Theory of Toeplitz Determinants and the Spin Correlations of the Two-Dimensional Ising Model. V

Abstract

In a previous paper of this series, we studied $\mathfrak{P}\left(\overline{\sigma }\right)$, the probability that the average boundary spin for a half-plane of Ising spins is $\overline{\sigma }$. We extend our study of such functions by generalizing the previous derivation to any magnetic system and using them to relate the magnetic behavior at the critical isotherm to the spin-spin correlations at the critical temperature. We also clarify the meaning of the secondary maxima previously found in $\mathfrak{P}\left(\overline{\sigma }\right)$ by a more accurate calculation and by examining the magnetization on interior rows of the half-plane. These considerations show that $\mathfrak{P}\left(\overline{\sigma }\right)$ is more properly to be considered as the sum of two separate spin probability functions. The various ways in which the thermodynamic limit may be taken and the effects that these different limiting procedures have on $\mathfrak{P}\left(\overline{\sigma }\right)$ are discussed in detail.
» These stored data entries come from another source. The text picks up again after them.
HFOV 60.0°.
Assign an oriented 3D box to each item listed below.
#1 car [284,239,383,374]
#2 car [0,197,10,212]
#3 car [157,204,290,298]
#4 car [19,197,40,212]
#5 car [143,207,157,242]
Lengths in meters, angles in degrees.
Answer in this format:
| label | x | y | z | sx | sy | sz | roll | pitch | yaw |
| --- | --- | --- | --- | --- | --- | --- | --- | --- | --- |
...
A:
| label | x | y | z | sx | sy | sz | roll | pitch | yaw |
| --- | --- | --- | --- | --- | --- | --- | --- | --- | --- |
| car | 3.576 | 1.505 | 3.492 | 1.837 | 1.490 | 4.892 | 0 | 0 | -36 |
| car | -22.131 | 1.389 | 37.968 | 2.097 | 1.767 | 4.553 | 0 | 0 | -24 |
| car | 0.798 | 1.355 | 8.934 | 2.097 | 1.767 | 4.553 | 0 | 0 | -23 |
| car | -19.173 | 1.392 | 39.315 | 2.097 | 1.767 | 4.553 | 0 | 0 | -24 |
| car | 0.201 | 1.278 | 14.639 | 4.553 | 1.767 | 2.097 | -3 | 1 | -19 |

The influence of boundary conditions on spin probability functions is studied by reversing the sign of one column of horizontal bonds. We compute the additional free energy resulting from the misfit bonds and use this to show that $\mathfrak{P}\left(\overline{\sigma }\right)$ is no longer bimodal but is rectangular for $\left|\overline{\sigma }\right|$ less than the boundary spontaneous magnetization. Finally, we present in graphical form numerical integrations of the boundary magnetization and susceptibility.